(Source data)
----
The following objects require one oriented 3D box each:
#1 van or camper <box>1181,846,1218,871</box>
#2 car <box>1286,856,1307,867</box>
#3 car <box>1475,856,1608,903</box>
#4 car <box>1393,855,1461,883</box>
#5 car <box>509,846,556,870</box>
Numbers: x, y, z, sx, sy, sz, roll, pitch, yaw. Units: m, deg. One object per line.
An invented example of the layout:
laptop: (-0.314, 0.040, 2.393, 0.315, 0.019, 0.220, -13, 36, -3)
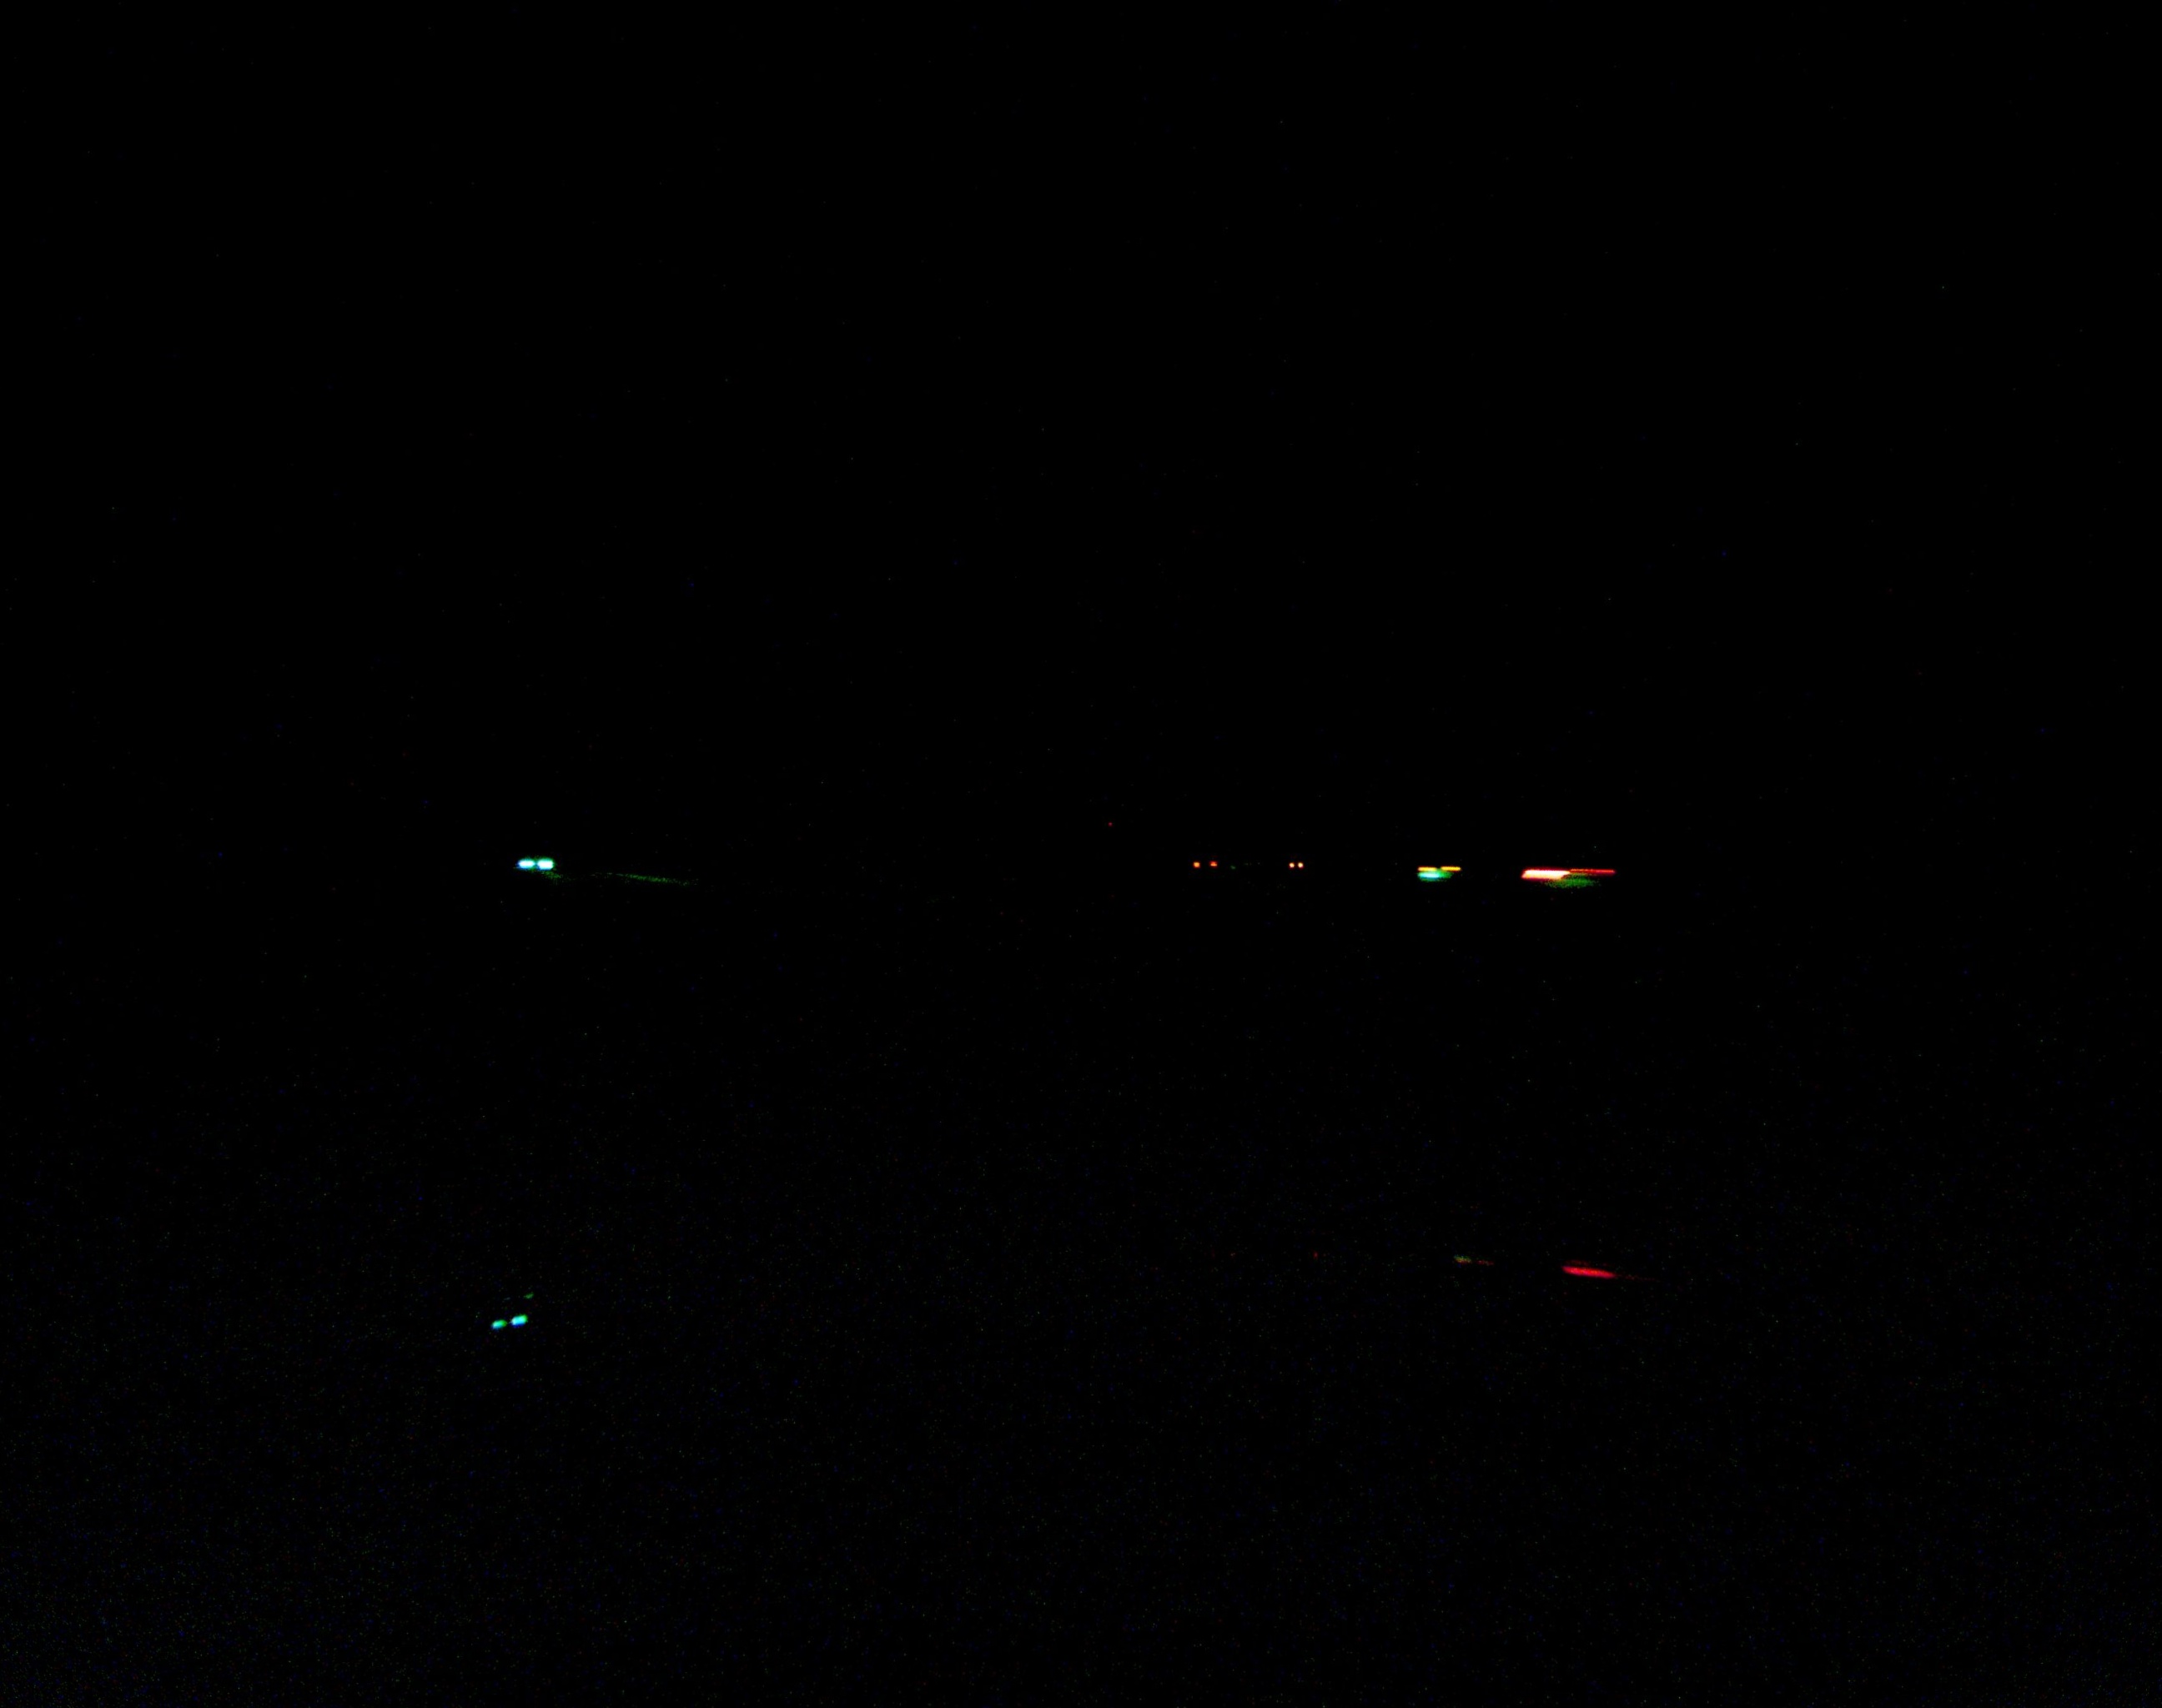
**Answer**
van or camper: (12.716, 0.473, 82.016, 2.301, 2.602, 7.663, 0, 0, -4)
car: (30.091, 1.029, 106.210, 1.825, 1.433, 4.476, 0, -1, 2)
car: (15.455, 0.810, 25.849, 1.962, 1.448, 4.472, 0, 0, 2)
car: (18.659, 0.789, 41.193, 1.962, 1.448, 4.171, 0, 0, 2)
car: (-45.562, 0.353, 63.090, 3.989, 1.843, 2.004, -2, 0, 37)
----
* What needs to be done *
With images left out, the data must be transcribed exactly.

* Answer space *
The following objects require one oriented 3D box each:
#1 van or camper <box>1181,846,1218,871</box>
#2 car <box>1286,856,1307,867</box>
#3 car <box>1475,856,1608,903</box>
#4 car <box>1393,855,1461,883</box>
#5 car <box>509,846,556,870</box>
Numbers: x, y, z, sx, sy, sz, roll, pitch, yaw. Units: m, deg. One object per line.
An invented example of the layout:
laptop: (-0.314, 0.040, 2.393, 0.315, 0.019, 0.220, -13, 36, -3)
**Answer**
van or camper: (12.716, 0.473, 82.016, 2.301, 2.602, 7.663, 0, 0, -4)
car: (30.091, 1.029, 106.210, 1.825, 1.433, 4.476, 0, -1, 2)
car: (15.455, 0.810, 25.849, 1.962, 1.448, 4.472, 0, 0, 2)
car: (18.659, 0.789, 41.193, 1.962, 1.448, 4.171, 0, 0, 2)
car: (-45.562, 0.353, 63.090, 3.989, 1.843, 2.004, -2, 0, 37)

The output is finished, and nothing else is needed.